3) build plant expression vector pCAMBIA2300-LmLycB-Bar:
Design is by the upstream primer P5 shown in SEQ ID NO.7, with the downstream primer P6 by shown in SEQ ID NO.8, take plasmid pBS-T-LmLycB as template, carry out pcr amplification, with pcr amplification product after BamHI and SalI enzyme are cut, plant expression vector pCAMBIA2300-35S-OCS is cut through BamHI and SalI enzyme, both carry out ligation, obtain plant expression vector pCAMBIA2300-LmLycB.
Then utilize the XhoI restriction enzyme site, the NPTII gene on the pCAMBIA2300-LmLycB carrier is removed, from 5 ' inserted the Bar gene of anti-glufosinates to 3 ' direction, obtain the pCAMBIA2300-LmLycB-Bar plant expression vector.

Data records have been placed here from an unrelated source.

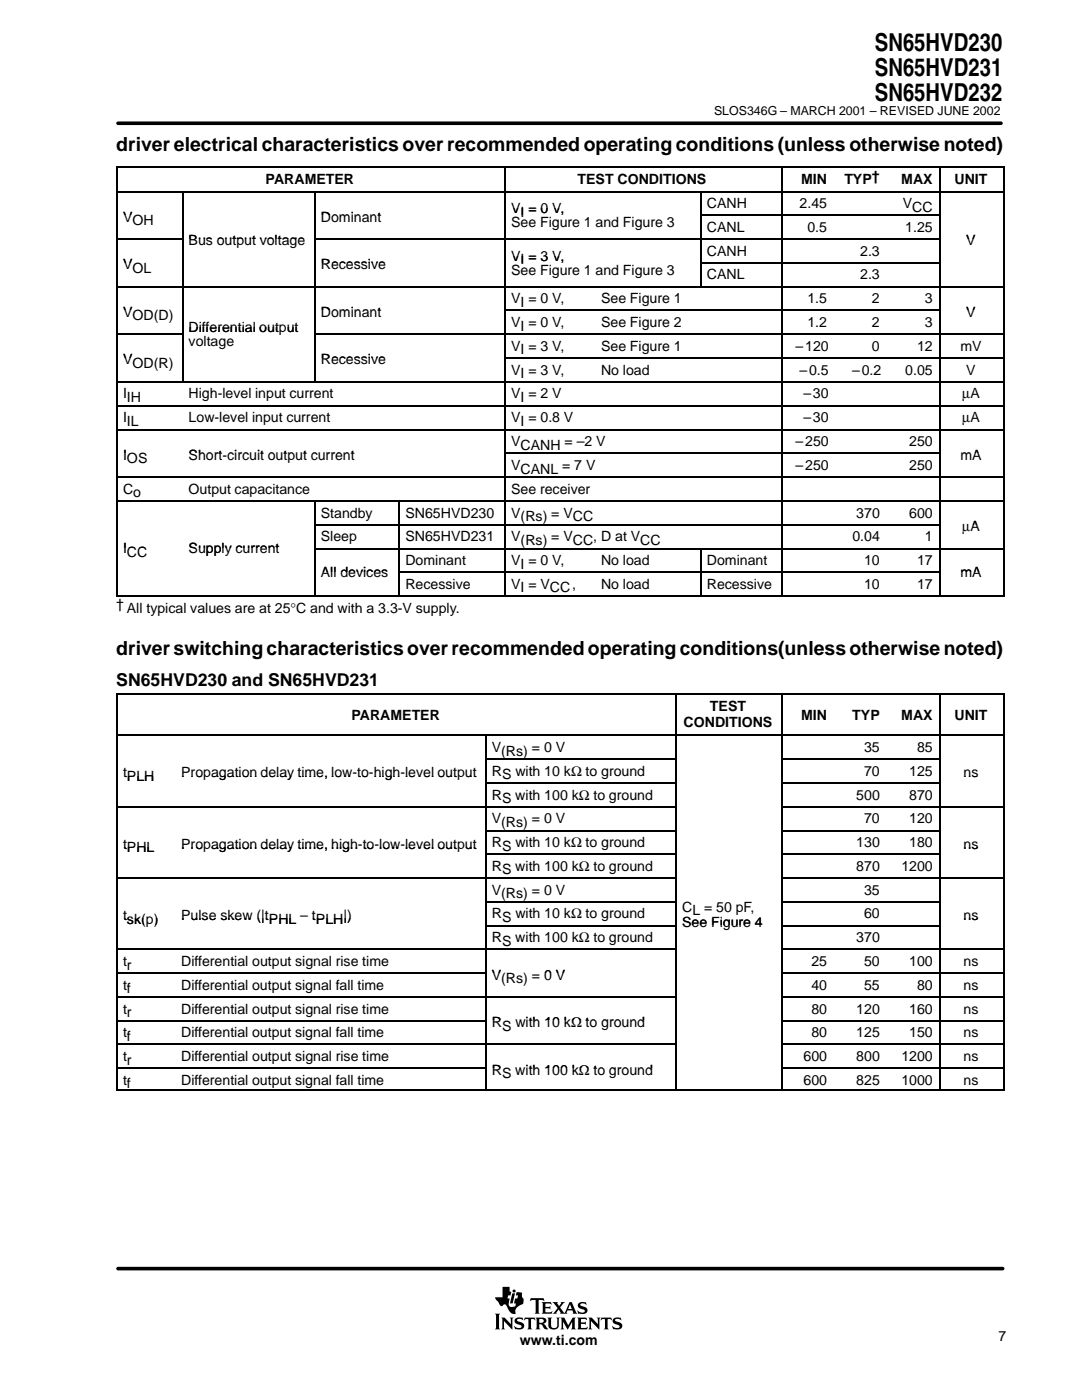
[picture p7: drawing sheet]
<svg xmlns="http://www.w3.org/2000/svg" width="216mm" height="279mm" viewBox="0 0 216 279" stroke-linecap="round" stroke-linejoin="round" font-family="sans-serif">
<defs><g id="words">
<g font-size="4.9">
<text x="174.6" y="10.2">SN65HVD230</text>
<text x="174.6" y="15.2">SN65HVD231</text>
<text x="174.6" y="20.1">SN65HVD232</text>
</g>
<g font-size="3.9">
<text x="23.2" y="30.2">driver electrical characteristics over recommended operating conditions (unless otherwise noted)</text>
<text x="23.2" y="130.8">driver switching characteristics over recommended operating conditions(unless otherwise noted)</text>
</g>
<text font-size="3.5" x="23.2" y="136.9">SN65HVD230 and SN65HVD231</text>
<g font-size="2.8">
<text x="53" y="36.8">PARAMETER</text>
<text x="115.2" y="36.8">TEST CONDITIONS</text>
<text x="141" y="41.5">CANH</text>
<text x="159.6" y="41.5">2.45</text>
<text x="159.9" y="36.8">MIN</text>
<text x="168.5" y="36.8">TYP†</text>
<text x="179.8" y="36.8">MAX</text>
<text x="180.1" y="41.5">VCC</text>
<text x="190.5" y="36.8">UNIT</text>
<text x="24.6" y="44.2">VOH</text>
<text x="24.6" y="44.2">V</text>
<text x="64" y="44.2">Dominant</text>
<text x="102" y="42.5">VI = 0 V,</text>
<text x="102" y="45.4">See Figure 1 and Figure 3</text>
<text x="141" y="46.3">CANL</text>
<text x="161.1" y="46.3">0.5</text>
<text x="180.6" y="46.3">1.25</text>
<text x="24.6" y="53.7">VOL</text>
<text x="24.6" y="53.7">V</text>
<text x="37.6" y="49">Bus output voltage</text>
<text x="64" y="53.7">Recessive</text>
<text x="102" y="52">VI = 3 V,</text>
<text x="141" y="51">CANH</text>
<text x="171.6" y="51">2.3</text>
<text x="192.8" y="49">V</text>
<text x="102" y="54.8">See Figure 1 and Figure 3</text>
<text x="141" y="55.8">CANL</text>
<text x="171.6" y="55.8">2.3</text>
<text x="24.6" y="63.2">V</text>
<text x="24.6" y="63.2">VOD(D)</text>
<text x="64" y="63.2">Dominant</text>
<text x="102" y="60.5">VI = 0 V,</text>
<text x="102" y="65.3">VI = 0 V,</text>
<text x="119.9" y="60.5">See Figure 1</text>
<text x="119.9" y="65.3">See Figure 2</text>
<text x="161.1" y="60.5">1.5</text>
<text x="161.1" y="65.3">1.2</text>
<text x="174" y="60.5">2</text>
<text x="174" y="65.3">2</text>
<text x="184.5" y="60.5">3</text>
<text x="184.5" y="65.3">3</text>
<text x="192.8" y="63.2">V</text>
<text x="37.6" y="66.3">Differential output</text>
<text x="37.6" y="66.3">Differential out ut</text>
<text x="37.6" y="69.1">voltage</text>
<text x="102" y="70">VI = 3 V,</text>
<text x="119.9" y="70">See Figure 1</text>
<text x="158.7" y="70">–120</text>
<text x="174" y="70">0</text>
<text x="183" y="70">12</text>
<text x="191.6" y="70">mV</text>
<text x="24.6" y="72.7">VOD(R)</text>
<text x="24.6" y="72.7">V</text>
<text x="64" y="72.7">Recessive</text>
<text x="102" y="74.7">VI = 3 V,</text>
<text x="119.9" y="74.7">No load</text>
<text x="159.5" y="74.7">–0.5</text>
<text x="170" y="74.7">–0.2</text>
<text x="180.6" y="74.7">0.05</text>
<text x="192.8" y="74.7">V</text>
<text x="24.6" y="79.5">IIH</text>
<text x="37.6" y="79.5">High-level input current</text>
<text x="102" y="79.5">VI = 2 V</text>
<text x="160.3" y="79.5">–30</text>
<text x="192" y="79.5">µA</text>
<text x="24.6" y="84.3">IIL</text>
<text x="37.6" y="84.3">Low-level input current</text>
<text x="102" y="84.3">VI = 0.8 V</text>
<text x="102" y="89">VCANH = –2 V</text>
<text x="158.7" y="89">–250</text>
<text x="160.3" y="84.3">–30</text>
<text x="181.4" y="89">250</text>
<text x="192" y="84.3">µA</text>
<text x="24.6" y="91.7">I</text>
<text x="24.6" y="91.8">IOS</text>
<text x="37.6" y="91.7">Short circuit output current</text>
<text x="37.6" y="91.8">Short-circuit output current</text>
<text x="102" y="93.8">VCANL = 7 V</text>
<text x="158.7" y="93.8">–250</text>
<text x="181.4" y="93.8">250</text>
<text x="191.6" y="91.7">mA</text>
<text x="24.6" y="98.6">Co</text>
<text x="37.6" y="98.6">Output capacitance</text>
<text x="102" y="98.6">See receiver</text>
<text x="64" y="103.3">Standby</text>
<text x="80.9" y="103.3">SN65HVD230</text>
<text x="102" y="103.3">V(Rs) = VCC</text>
<text x="170.9" y="103.3">370</text>
<text x="181.4" y="103.3">600</text>
<text x="192" y="106">µA</text>
<text x="193.6" y="106">A</text>
<text x="24.6" y="110.4">ICC</text>
<text x="37.6" y="110.4">Supply current</text>
<text x="64" y="108.1">Sleep</text>
<text x="80.9" y="108.1">SN65HVD231</text>
<text x="80.9" y="112.8">Dominant</text>
<text x="102" y="108.1">V(Rs) = VCC, D at VCC</text>
<text x="102" y="112.8">VI = 0 V,</text>
<text x="119.9" y="112.8">No load</text>
<text x="141" y="112.8">Dominant</text>
<text x="170.1" y="108.1">0.04</text>
<text x="172.4" y="112.8">10</text>
<text x="183" y="112.8">17</text>
<text x="184.5" y="108.1">1</text>
<text x="64" y="115.2">All devices</text>
<text x="80.9" y="117.5">Recessive</text>
<text x="102" y="117.5">VI = VCC,</text>
<text x="119.9" y="117.5">No load</text>
<text x="141" y="117.5">Recessive</text>
<text x="172.4" y="117.5">10</text>
<text x="183" y="117.5">17</text>
<text x="191.6" y="115.2">mA</text>
<text x="23.2" y="121.6">† All typical values are at 25°C and with a 3.3-V supply.</text>
<text x="70.1" y="143.6">PARAMETER</text>
<text x="141.7" y="142">TEST</text>
<text x="159.9" y="143.6">MIN</text>
<text x="170.1" y="143.6">TYP</text>
<text x="179.8" y="143.6">MAX</text>
<text x="190.5" y="143.6">UNIT</text>
<text x="136.4" y="145.1">CONDITIONS</text>
<text x="24.6" y="155.2">tPLH</text>
<text x="36.2" y="155.2">Propagation delay time, low-to-high-level output</text>
<text x="36.2" y="155.2">Pro agation delay time, low to high level out ut</text>
<text x="98.1" y="154.8">RS with 10 kΩ to ground</text>
<text x="98.1" y="150.1">V(Rs) = 0 V</text>
<text x="172.4" y="150.1">35</text>
<text x="172.4" y="154.8">70</text>
<text x="181.4" y="154.8">125</text>
<text x="183" y="150.1">85</text>
<text x="192.3" y="155.2">ns</text>
<text x="98.1" y="159.6">RS with 100 kΩ to ground</text>
<text x="170.9" y="159.6">500</text>
<text x="181.4" y="159.6">870</text>
<text x="98.1" y="164.3">V(Rs) = 0 V</text>
<text x="172.4" y="164.3">70</text>
<text x="181.4" y="164.3">120</text>
<text x="24.6" y="169.4">tPHL</text>
<text x="36.2" y="169.4">Propagation delay time, high-to-low-level output</text>
<text x="36.2" y="169.4">Pro agation delay time, high to low level out ut</text>
<text x="98.1" y="169.1">RS with 10 kΩ to ground</text>
<text x="98.1" y="173.8">RS with 100 kΩ to ground</text>
<text x="170.9" y="169.1">130</text>
<text x="170.9" y="173.8">870</text>
<text x="179.9" y="173.8">1200</text>
<text x="181.4" y="169.1">180</text>
<text x="192.3" y="169.4">ns</text>
<text x="98.1" y="178.6">V(Rs) = 0 V</text>
<text x="172.4" y="178.6">35</text>
<text x="24.6" y="183.6">tsk(p)</text>
<text x="24.6" y="183.6">tsk( )</text>
<text x="36.2" y="183.6">Pulse skew (|tPHL – ttPLH|)</text>
<text x="36.2" y="183.6">Pulse skew (|tPHL</text>
<text x="63" y="184.3">PLH|)</text>
<text x="98.1" y="183.3">RS with 10 kΩ to ground</text>
<text x="136.1" y="181.9">CL = 50 pF,</text>
<text x="136.1" y="185.1">See Figure 4</text>
<text x="172.4" y="183.3">60</text>
<text x="192.3" y="183.6">ns</text>
<text x="98.1" y="188">RS with 100 kΩ to ground</text>
<text x="170.9" y="188">370</text>
<text x="24.6" y="192.8">tr</text>
<text x="24.6" y="197.5">tf</text>
<text x="36.2" y="192.8">Differential output signal rise time</text>
<text x="36.2" y="197.5">Differential output signal fall time</text>
<text x="98.1" y="195.5">V(Rs) = 0 V</text>
<text x="98.1" y="195.5">V</text>
<text x="108.6" y="195.5">0 V</text>
<text x="161.9" y="192.8">25</text>
<text x="161.9" y="197.5">40</text>
<text x="172.4" y="192.8">50</text>
<text x="172.4" y="197.5">55</text>
<text x="181.4" y="192.8">100</text>
<text x="183" y="197.5">80</text>
<text x="192.3" y="192.8">ns</text>
<text x="192.3" y="197.5">ns</text>
<text x="24.6" y="202.3">tr</text>
<text x="36.2" y="202.3">Differential output signal rise time</text>
<text x="161.9" y="202.3">80</text>
<text x="170.9" y="202.3">120</text>
<text x="181.4" y="202.3">160</text>
<text x="192.3" y="202.3">ns</text>
<text x="24.6" y="207">tf</text>
<text x="36.2" y="207">Differential output signal fall time</text>
<text x="98.1" y="205">RS with 10 kΩ to ground</text>
<text x="98.1" y="205">R</text>
<text x="102.8" y="205">with 10 kΩ to ground</text>
<text x="161.9" y="207">80</text>
<text x="170.9" y="207">125</text>
<text x="181.4" y="207">150</text>
<text x="192.3" y="207">ns</text>
<text x="24.6" y="211.8">tr</text>
<text x="36.2" y="211.8">Differential output signal rise time</text>
<text x="98.1" y="214.5">R</text>
<text x="98.1" y="214.5">RS with 100 kΩ to ground</text>
<text x="102.8" y="214.5">with 100 kΩ to ground</text>
<text x="160.3" y="211.8">600</text>
<text x="170.9" y="211.8">800</text>
<text x="179.9" y="211.8">1200</text>
<text x="192.3" y="211.8">ns</text>
<text x="24.6" y="216.5">tf</text>
<text x="36.2" y="216.5">Differential output signal fall time</text>
<text x="160.3" y="216.5">600</text>
<text x="170.9" y="216.5">825</text>
<text x="179.9" y="216.5">1000</text>
<text x="192.3" y="216.5">ns</text>
<text x="103.7" y="268.4">www.ti.com</text>
<text x="199.2" y="267.7">7</text>
</g>
<text font-size="2.5" x="142.5" y="23">SLOS346G – MARCH 2001 – REVISED JUNE 2002</text>
</g></defs>
<path d="M23.5 24.6h176.2" fill="none" stroke="#000" stroke-width=".72"/>
<g fill="#000">
<path d="M102.2 258.1h.6l-.5 2h-.5z"/>
<path d="M100.3 256.8h1.4v.9l.3 .1-.1 .7h-.5l-.1 .6h.4l-.2 1a.67 .67 0 0 0 .3 .7 .67 .67 0 0 0 .8 0l.2-.1 .2-.6h-.4l.2-1h.4l.2-.6h-.5l.2-.6 1.1 .1-.1 .6 .4 .5v.5a.7 .7 0 0 1-.7 .9l-.8 .6-.2 .8a.19 .19 0 0 1 .1 .2 .19 .19 0 0 1-.2 .1l-.7-.1-.4-.4-.5-1a.44 .44 0 0 0-.4-.4 .44 .44 0 0 0-.5 .3 .75 .75 0 0 1-.7-.7l-.5-.5-.2-.5h1.5z" fill-rule="evenodd"/>
<path d="M115.4 260.1l.4-.2 1.1-.1 .2 .6-.6-.3-.6 .1a.24 .24 0 0 0-.1 .3 .24 .24 0 0 0 .3 .1 1.01 1.01 0 0 1 1.1 1l-.4 .5-1.4 .1-.2-.7 .9 .5 .3-.1 .3-.2a.99 .99 0 0 0-1-.6 .62 .62 0 0 1-.3-1z" fill-rule="evenodd"/>
<path d="M105.9 259.1h2.6l.1 .6-.5-.3-.6 .1v2.4l.2 .3h-1l.2-.3v-2.4l-.6-.1-.5 .3z" fill-rule="evenodd"/>
<path d="M108.1 259.9h1.8l.1 .5-.4-.3-.8 .1v.6h.8l.2-.2v.7l-.2-.2h-.8v.7l1 .1 .4-.2-.1 .5h-2l.2-.3v-1.8z" fill-rule="evenodd"/>
<path d="M110.2 259.9h1.1l-.1 .2 .4 .6 .4-.6-.1-.2h.8l-.9 1 .8 1.2 1-2.2h.5l.9 2.1 .2 .2h-1l.2-.2-.2-.5h-1l-.1 .5 .1 .2h-1.5l.2-.3-.4-.6-.5 .6 .1 .3h-.9l1.1-1.1z" fill-rule="evenodd"/>
<circle cx="102.6" cy="257.7" r=".31"/>
</g>
<path d="M113.7 260.3l.4 .9h-.7z" fill="#fff"/>
<g fill="#000">
<path d="M98.8 262.2h1l-.2 .2v2.7l.2 .2h-1l.2-.3v-2.5z" fill-rule="evenodd"/>
<path d="M100 263h.7l1.2 1.3v-1l-.2-.3h.8l-.3 .2v2.1l-1.6-1.7v1.4l.2 .3h-.8l.2-.3v-1.8z" fill-rule="evenodd"/>
<path d="M102.9 263.2a1.53 1.53 0 0 1 1.3-.2l.1-.1 .1 .6-.6-.3h-.5a.28 .28 0 0 0-.1 .4 .28 .28 0 0 0 .4 .2 .94 .94 0 0 1 1 1l-.3 .4-.3 .1h-1.2l-.2-.7 .5 .4h.6l.4-.2-.1-.2-.2-.2a1.05 1.05 0 0 1-1.1-.8z" fill-rule="evenodd"/>
<path d="M104.7 263h2l.1 .5-.3-.2h-.5v1.7l.2 .3h-1l.2-.4v-1.6h-.5l-.3 .2z" fill-rule="evenodd"/>
<path d="M106.9 263h1.3a.61 .61 0 0 1 .8 .4 .61 .61 0 0 1-.6 .7l1 1.1a.64 .64 0 0 1-.7 .1 .64 .64 0 0 1-.4-.5l-.3-.5h-.4v.7l.2 .3h-.9l.2-.4v-1.6z" fill-rule="evenodd"/>
<path d="M109.2 263h1l-.2 .2v1.4l.1 .3 .3 .1h.5l.3-.4v-1.4l-.2-.2h.7l-.2 .2v1.3a1.07 1.07 0 0 1-1 .8 1.07 1.07 0 0 1-1.1-.8v-1.3z" fill-rule="evenodd"/>
<path d="M111.8 263h.8l.8 1.5 .9-1.5h.6l-.2 .2v1.8l.2 .3h-1l.3-.4v-1.1l-1 1.5-.8-1.5v1.2l.2 .3h-.8l.3-.4v-1.6z" fill-rule="evenodd"/>
<path d="M115.2 263h1.8l.1 .5-.4-.3-.8 .1v.6h.8l.2-.2v.7l-.2-.2h-.8v.8h.9l.5-.2-.2 .5h-1.9l.2-.3v-1.8z" fill-rule="evenodd"/>
<path d="M117.4 263h.7l1.2 1.3v-1.1l-.2-.2h.7l-.2 .2v2.1l-1.7-1.7v1.4l.2 .3h-.7l.2-.4v-1.6z" fill-rule="evenodd"/>
<path d="M120 263h2l.1 .5-.3-.2h-.6v1.7l.3 .3h-1l.2-.4v-1.6h-.5l-.3 .2z" fill-rule="evenodd"/>
<path d="M122.4 263.2a1.3 1.3 0 0 1 1.3-.2l.1-.1 .2 .6-.6-.3h-.5a.28 .28 0 0 0-.2 .4 .28 .28 0 0 0 .4 .2 1.02 1.02 0 0 1 1.1 .8l-.2 .5-.7 .2h-.9l-.3-.7 .8 .4h.6a.26 .26 0 0 0 .1-.3 .26 .26 0 0 0-.1-.2l-.4-.1a.75 .75 0 0 1-.7-.4 .75 .75 0 0 1 0-.8z" fill-rule="evenodd"/>
</g>
<path d="M107.6 263.3l.4-.1a.4 .4 0 0 1 .5 .4 .4 .4 0 0 1-.5 .4h-.4z" fill-rule="evenodd" fill="#fff"/>
<path d="M23.5 253.2h176.6" fill="none" stroke="#000" stroke-width=".72"/>
<g fill="none" stroke="#000" stroke-width=".32">
<path d="M23.2 33.4h177.3M23.2 38.2h177.3M23.4 33.3v85.8M36.4 38.1v37.9M62.8 38.1v37.9M100.8 33.3v85.8M139.8 38.1v18.9M156 33.3v85.8M187.6 33.3v85.8M200.3 33.3v85.8M23.2 47.7h13.1M23.2 57.2h177.3"/>
<path d="M62.7 47.7h124.8M139.7 43h47.8M139.7 52.4h47.8M23.2 66.7h13.1M23.2 76.2h177.3M62.7 66.7h137.8M100.6 61.9h86.9M100.6 71.4h99.9M23.2 80.9h177.3M23.2 85.7h177.3M23.2 95.2h177.3M23.2 100h177.3"/>
<path d="M62.8 99.8v19.3M79.7 99.8v19.3M100.6 90.5h86.9M23.2 119h177.3M62.7 104.7h124.8M62.7 109.5h137.8M79.5 114.2h108M139.8 109.3v9.8M23.2 138.6h177.3M23.4 138.4v79.3M134.9 138.4v79.3M156 138.4v79.3"/>
<path d="M187.6 138.4v79.3M200.3 138.4v79.3M23.2 146.8h177.3M96.8 151.5h38M96.8 156.3h38M96.9 146.6v71.1M155.9 151.5h31.6M155.9 156.3h31.6M23.2 161h111.6M23.2 175.2h111.6M96.8 165.8h38M96.8 170.5h38"/>
<path d="M96.8 180h38M155.9 161h44.6M155.9 165.8h31.6M155.9 170.5h31.6M155.9 175.2h44.6M155.9 180h31.6M23.2 189.5h111.6M23.2 194.2h73.6M23.2 199h111.6M96.8 184.7h38M155.9 184.7h31.6M155.9 189.5h44.6"/>
<path d="M155.9 194.2h44.6M155.9 199h44.6M23.2 203.7h73.6M23.2 208.4h111.6M23.2 213.2h73.6M23.2 217.6h177.3M155.9 203.7h44.6M155.9 208.4h44.6M155.9 213.2h44.6"/>
</g>
<use href="#words"/>
</svg>

The invention provides a kind of matrimony vine lycopene beta cyclase gene and comprise recombinant vectors and host cell and the application of this gene, isolate first the global cDNA of coding for tomato red pigment beta cyclase from matrimony vine, be connected on coli expression carrier, utilize heterogenous expression system verification matrimony vine LmLycB gene to have the activity of enzyme at the product of protein expression.Then be connected on plant expression vector, utilize Agrobacterium infestation method maize transformation, the transfer-gen plant that obtains carries out HPLC and detects, result shows that transgenic corns blade total carotinoid content is 165.70 μ g/g FW, improved 12.76% than wild-type corn, wherein content beta-carotene is 80.17 μ g/g FW, than wild-type corn, has improved 54.83%.In Table 2.
The present invention isolates the gene LmLycB of coding for tomato red pigment beta cyclase from matrimony vine, the overexpression of this gene can cause the raising of β-carotene biosynthesizing amount in transgenic corns.Change pathways metabolism by the genetic engineering breeding method, improve β-carotene output, to reach better, more accurately the purpose of corps nutrient breeding, or by utilizing microorganism to carry out the biosynthesizing β-carotene of being correlated with as bio-reactor, to meet people's nutritional need.
Description of drawings
Fig. 1 pMON-LmLycB carrier schematic diagram.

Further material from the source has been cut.